Paula no parecía querer hablar del tema. Pedro se preguntó si alguna vez estaría dispuesta a hablar de su matrimonio. 


Debería mantenerse alejado de ella y su pasado. Su propio pasado le había convertido en lo que era. Todo el mundo tenía secretos que no deseaba compartir.


–Te ayudaré a fregar –Pedro se levantó y recogió su plato.


–De eso nada –ella también se puso en pie–. No quiero retenerte más tiempo.


En otras palabras, ya era hora de que se marchara.


Echó un vistazo a Emma y comprobó que estaba dormida, abrazada a Moppy.


–Tiene una foto preciosa –Pedro sonrió–. Casi me dan ganas de retomar mi cámara.


–¿Ya no haces fotos? ¡Eres buenísimo!


–No he hecho una foto desde mi regreso a casa –él la miró con amargura–. Me trae demasiados recuerdos de las últimas – eran fotos tomadas en el campo de refugiados el día del ataque.
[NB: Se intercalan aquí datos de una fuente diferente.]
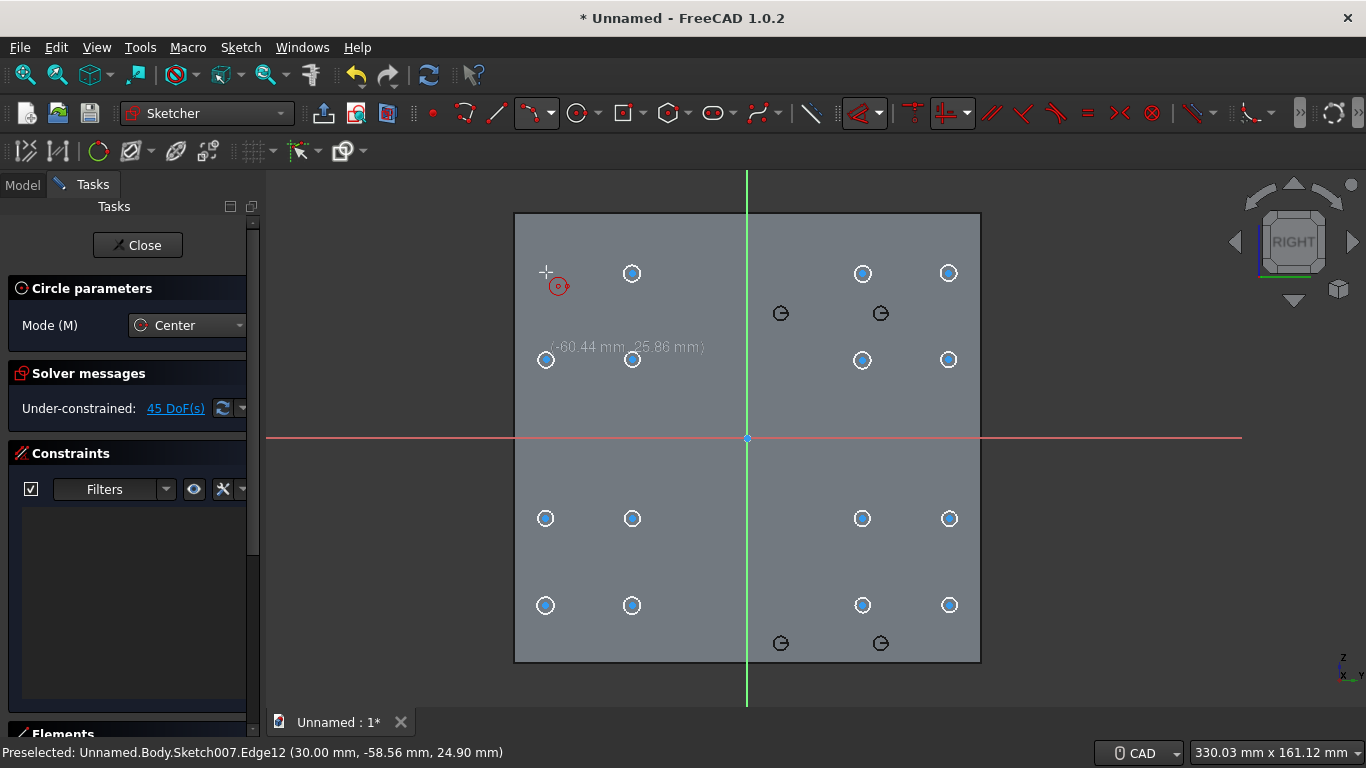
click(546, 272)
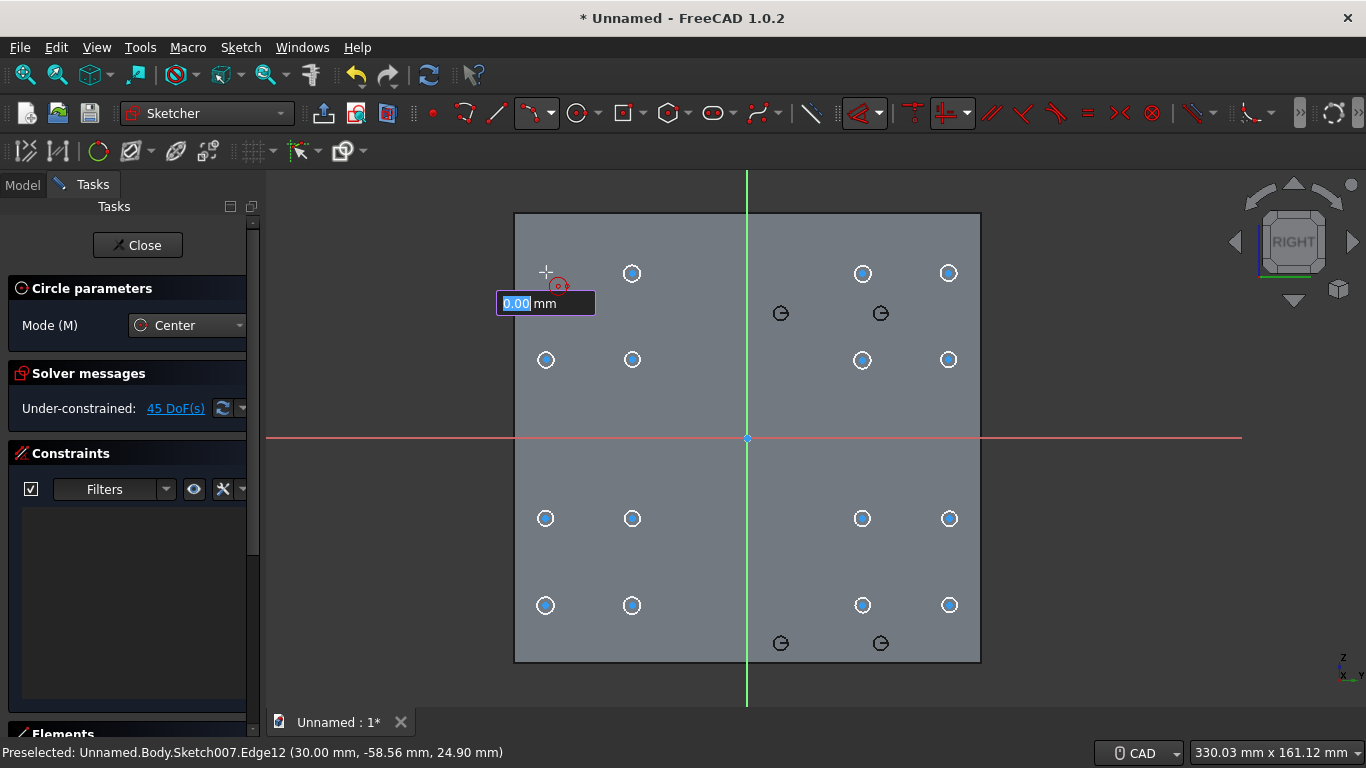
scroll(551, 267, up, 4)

–No puedes permitir que lo sucedido te arrebate tu don. Te acompaño a la puerta.


Salieron al exterior. Hasta ellos llegó el aroma de las rosas trepadoras. Pedro miró a Paula. El deseo de besarla era casi palpable.


Y, sin embargo, hizo lo mejor para ambos. Recogió la caja de herramientas y se despidió.


–Adiós, Paula –al alejarse sintió la mirada de Paula clavada en su espalda.